FIFTY  SHADES DARKERê
     

    Segunda entrega de la saga cinematográfica basada en la trilogía literaria de E.L. James que nos narra la relación de la recién graduada universitaria Anastasia Steele (Dakota Johnson) y el joven magnate de los negocios Christian Grey (Jamie Dornan) que comienza justo donde lo dejó la primera, con Anastasia abrumada y desolada ante el poder que ejerce sobre ella el misterioso Christian, en una relación que ha derivado en un peligroso juego de dominación sexual. Es por eso que la joven decide alejarse de él lo máximo posible y empezar desde cero una nueva vida. Tras esa ruptura, acepta un trabajo en una editorial de Seattle. Allí conoce a Jack Hyde, su jefe, que poco a poco se encapricha con ella e intenta seducirla a toda costa para disgusto de Christian. Mientras lucha contra sus propios demonios, el joven no se quita a Ana de la cabeza, y ella debe enfrentarse a la ira que le provocan todas las mujeres que la precedieron como amantes/sumisas de Grey.      

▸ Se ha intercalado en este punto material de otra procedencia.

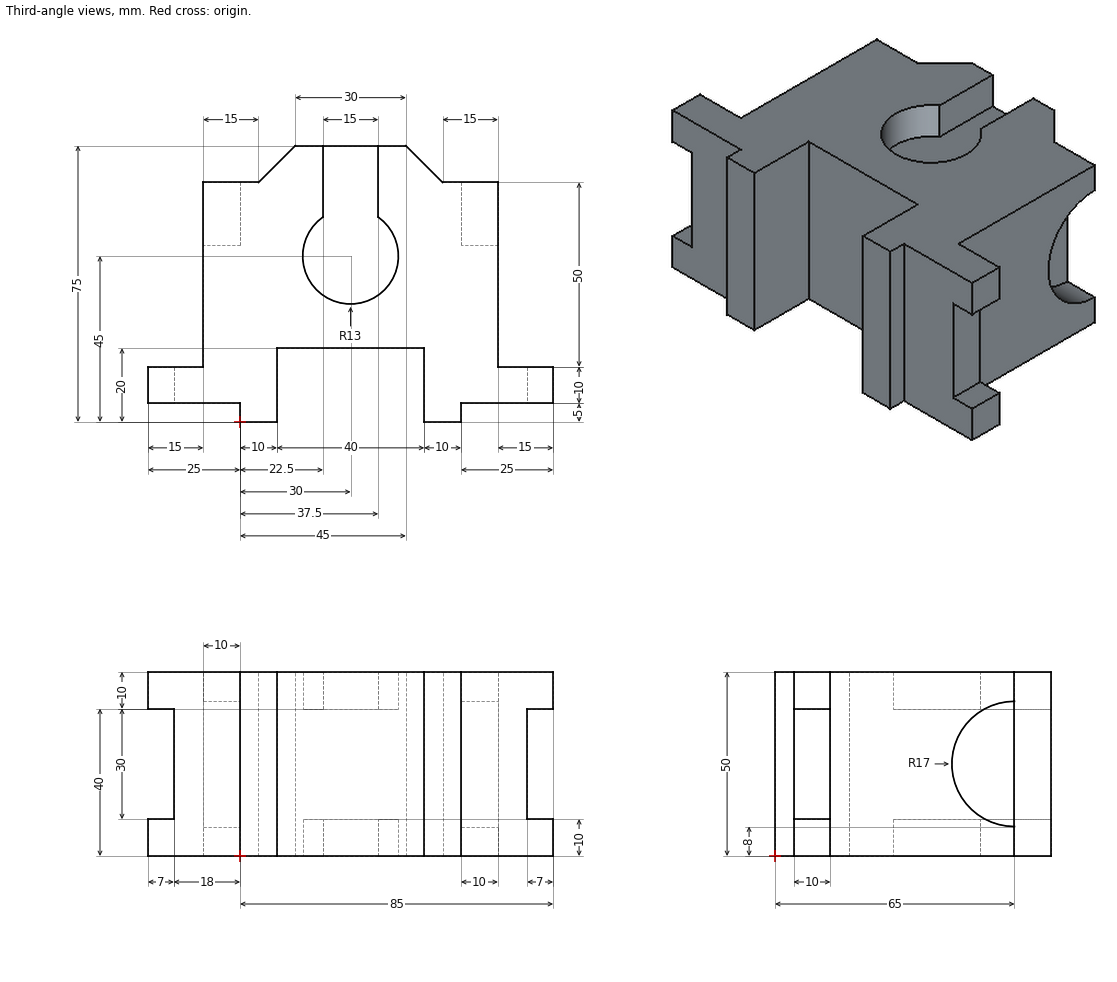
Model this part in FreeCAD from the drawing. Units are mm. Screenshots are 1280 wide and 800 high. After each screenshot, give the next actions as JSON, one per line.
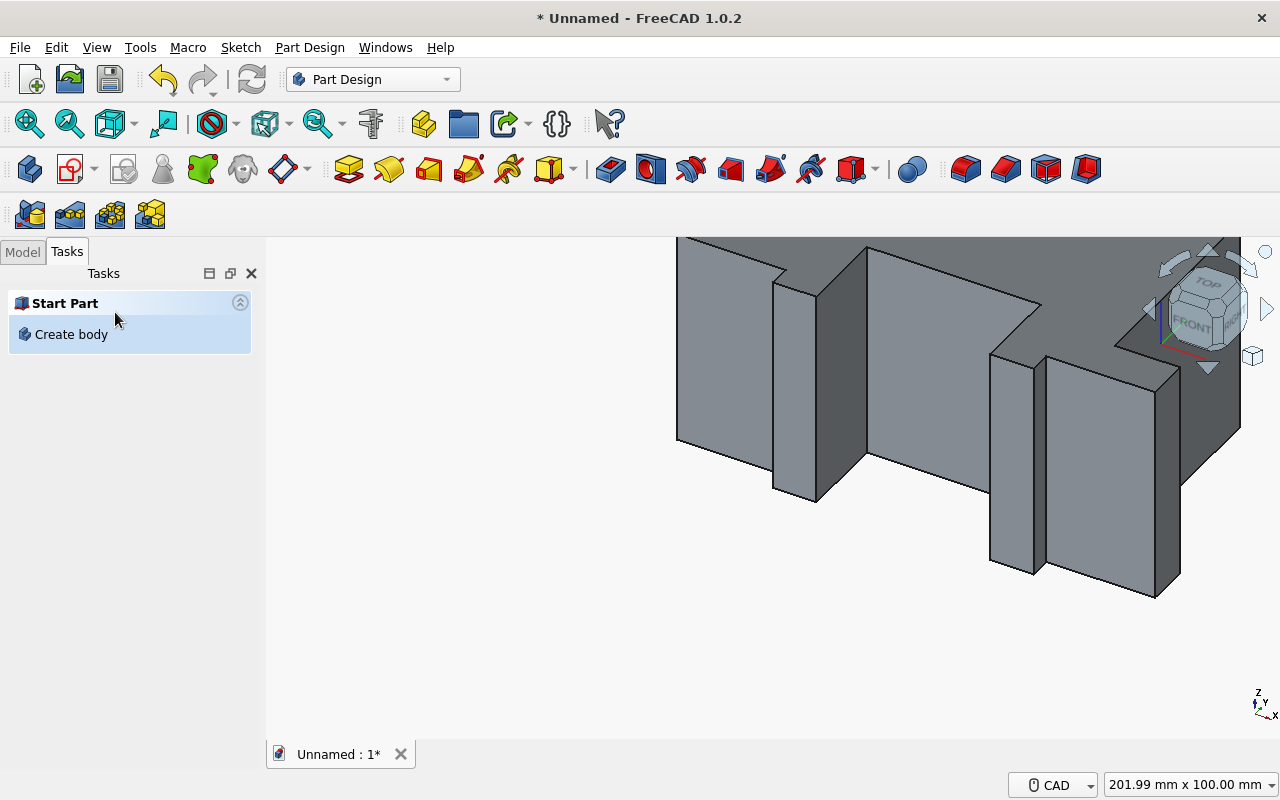
{"action": "left_click", "coordinate": [30, 124]}

        Debe extrañar mucho (no a mí, por razones que me niego a explicar) el predicamento que tienen estos engendros machistas entre el público femenino cuando tantas asociaciones feministas demuestran tener la piel tan fina al denunciar todos los días una retahíla de nimiedades ridículas. En Cincuenta sombras más oscuras nos encontramos con más ñoñería romántica que en su predecesora y resulta en todos los aspectos menos desafiante, sobre todo en la vertiente sadomasoquista, pero permanece inalterable la condición de sumisa de Ana entregada de nuevo al dominio de un Christian Grey dotado del poder omnímodo que le otorga su enorme fortuna, pues está claro que esto es lo más atractivo para ella. Es fácil observar que en las planificadas escenas sexuales los dos protagonistas se encuentran incómodos y de ahí la simpleza, la falta de pasión y la escasez de química que proyectan.

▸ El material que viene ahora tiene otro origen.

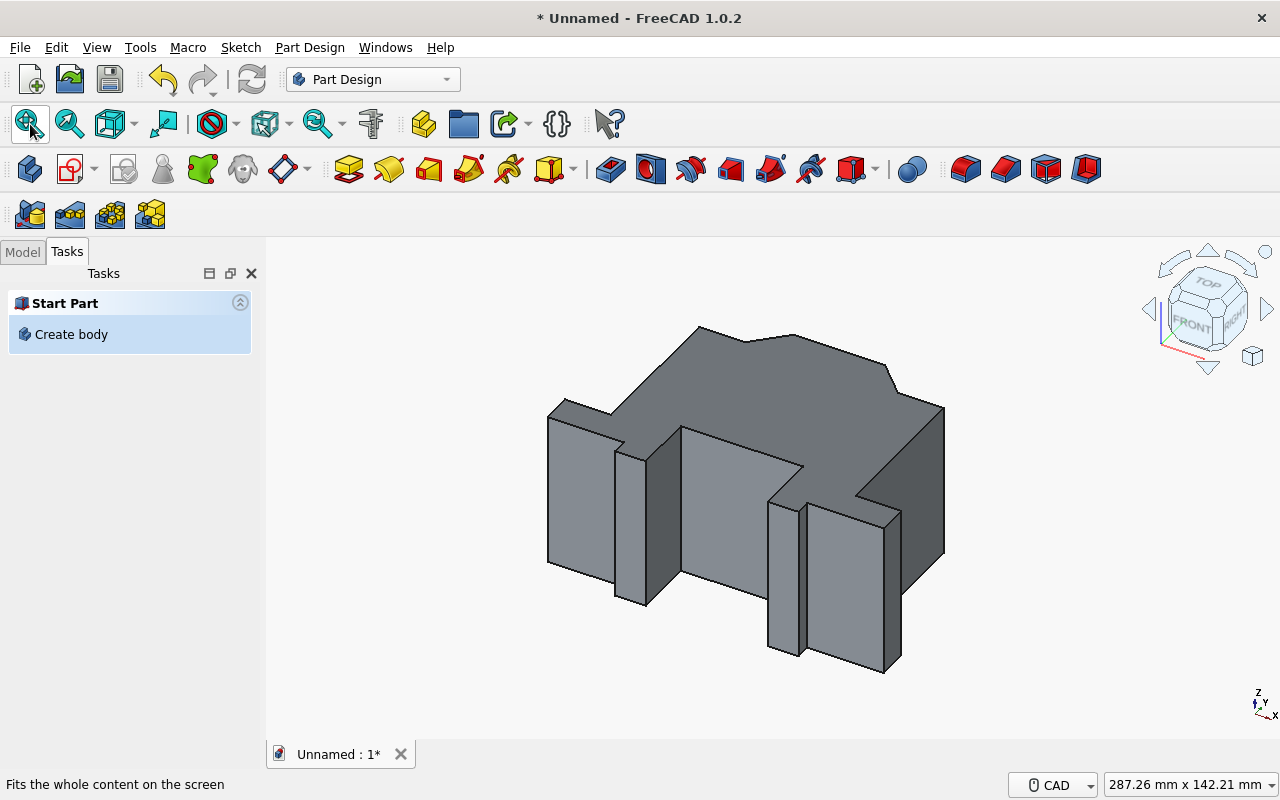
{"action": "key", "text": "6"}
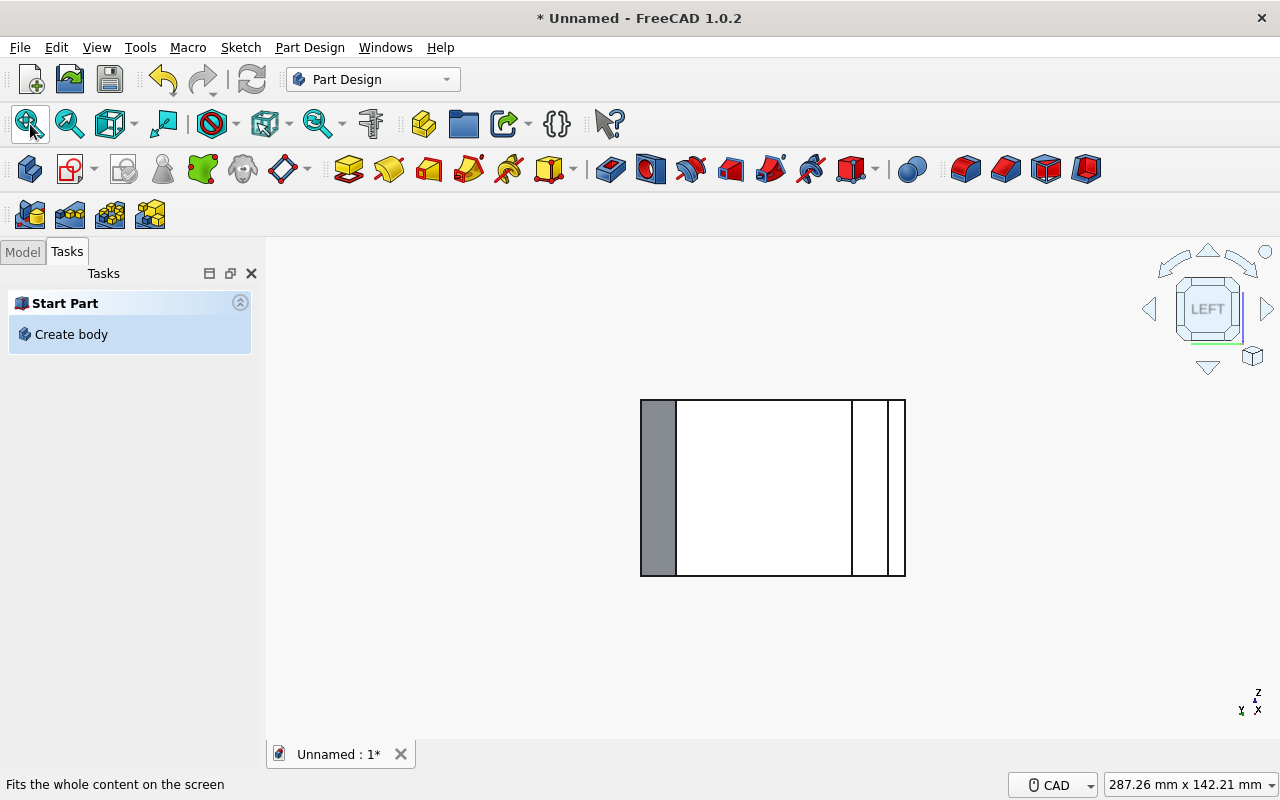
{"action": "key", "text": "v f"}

      Jamie Dornan es un buen actor (quien tenga dudas que vea la serie La caza), pero aquí solo necesita lucir su esculpido cuerpo y aprenderse una escueta y ramplona línea de diálogos para poner a prueba la escasa resistencia de Anastasia, que sólo tiene que dejarse llevar. Christian Grey está arrepentido y desea volver a poseer a Anastasia y dejar atrás su eterna angustia por una infancia traumática que se adueña de sus sueños para convertirlos en pesadillas. La pobre intriga de la película va a depender más del grado de sumisión de ella que de las elucubraciones sobre ese villano al que apunta el final de la función para la próxima secuela. 


   Lo que debería ser una apetecible muestra de cine guarrindongo sólo es cine tonto y vulgar (como esas bolas chinas cuya función desconoce la ingenua universitaria), y las embestidas sexuales de un Christian amante del látigo y las pinzas para los pezones, sus recuerdos tormentosos, la jornada en un yate de lujo, la escasa progresión dramática y unas subtramas colgadas en el vacío hacen de esta película (por llamarla de alguna manera) una de las peores experiencias cinematográficas de los últimos años, y tal vez uno de los artefactos más misóginos que se han visto en una pantalla de cine, que además cuenta con el fervor y la bendición de un público femenino que llena a reventar las salas.


    Como invento literario, las novelas eróticas de E.L. James son material de deshechos, literatura de aeropuerto o quiosco de lectura efímera que no deja ningún poso, pero esta esta segunda cinta que nos entrega James Foley (que hubiera tenido más sentido si estuviera dotada de humor y un tono autoparódico) se impone como una memez irritante para un público adulto que siendo consciente de que el material de base es un bodrio, espera al menos que se asuma un poco de riesgo con las imágenes en movimiento. 


    No es así, y Foley castra las escenas de sexo y desaprovecha personajes secundarios que podían haber dado mucho más juego, como es el caso de Kim Basinger (que parece la hija de Kim Basinger debido al botox y las operaciones que acumula) y que sólo está ahí como guiño a Nueve semanas y media, un ejemplo más lucido y lúcido de este subgénero softcore. Porque lo más terrible de Cincuenta sombras más oscuras no son sus nulos valores cinematográficos, sino que fracasa en su intento de poner verriondo al personal, lo peor que se puede decir de un producto fast food creado para pajilleros solitarios y reprimidas cuya educación castrante actúa de rémora para no dejar volar libre la cometa de sus fantasías.